A Princesa e a Janela

Era uma vez...

uma bela e solitária princesa, que vivia num reino imaginário uma vida que não lhe pertencia, que não era sua.

E viveu por muitos e muitos séculos a princesa que jamais envelhecia, a princesa que era sempre menina. Embora fosse grande assim quase como um Titã, era apenas uma criança sob o efeito do fermento do “faz de conta”.

E assim foi até que um dia, ela descobriu uma janela para o mundo real, uma janelinha bem pequenina. Mas apesar de pequena, a janela permitia que observasse bem o que havia lá fora.

Com toda a sua curiosidade de menina, a princesa encostou-se bem a ela e olhou, espiou e então...
viu lá fora um mundo completamente diferente daquele no qual vivia. Ela deu uma olhada para trás. Deu uma espiada no seu mundo e percebeu que ele não mais lhe servia. Desejou o mundo que havia do lado de fora da janelinha.

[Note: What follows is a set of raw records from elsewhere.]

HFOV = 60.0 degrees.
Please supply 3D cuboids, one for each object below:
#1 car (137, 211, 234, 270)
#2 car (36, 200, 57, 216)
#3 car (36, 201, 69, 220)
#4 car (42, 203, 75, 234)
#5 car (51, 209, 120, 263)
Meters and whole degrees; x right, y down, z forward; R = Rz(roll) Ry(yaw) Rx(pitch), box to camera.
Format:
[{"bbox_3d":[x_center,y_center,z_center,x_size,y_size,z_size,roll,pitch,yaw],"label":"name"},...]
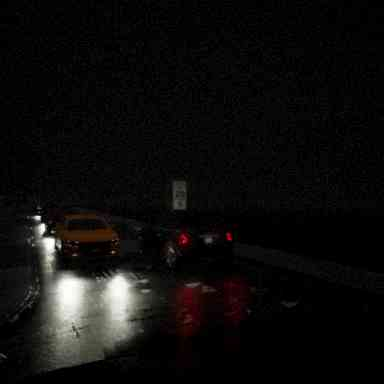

Foi aí então que a princesa desejou estar lá fora também, junto com as pessoas que ela via, naquele mundo com mais cor, mais cheiro e mais barulho.

Num súbito desejo de ganhar aquele espaço, ela colocou um braço para fora, pois em sua atual condição, era só o que podia. Sentiu o ventinho na mão, espremeu-se mais contra a abertura, mas o resto de si não ia, pois não cabia. Não sei se vocês sabem, mas princesas de mundos imaginários têm tamanho diferente das pessoas reais. Princesas encantadas são muito grandes, tão grandes quanto a imaginação de quem as cria.

Parada e pensativa, a princesa olhou distraída para o lado, e neste momento, viu um compartimento pequeno, bem empoeirado, desses que quase nem se nota caso esteja distraída. Em cima estava escrito em letras bem pequenininhas, que quase não sei via: "No caso de querer ser gente, quebre o vidro e tome a pílula".

A princesa então, olhou-se num espelho que próximo dali havia. Mirou-se e sentiu-se triste, pois gostava de ser princesa, de ser bela e gigante. Mas apesar de gostar de ser assim como era, queria ir para o mundo real. Queria a vida de fato, mas queria continuar sendo princesa.

Ó triste e cruel indecisão. Ela deixa o pássaro voar, ou fica com o bichinho na mão? Ela não sabia, não conseguia escolher se continuava sendo princesa de faz de conta, ou se gente de verdade ela queria ser.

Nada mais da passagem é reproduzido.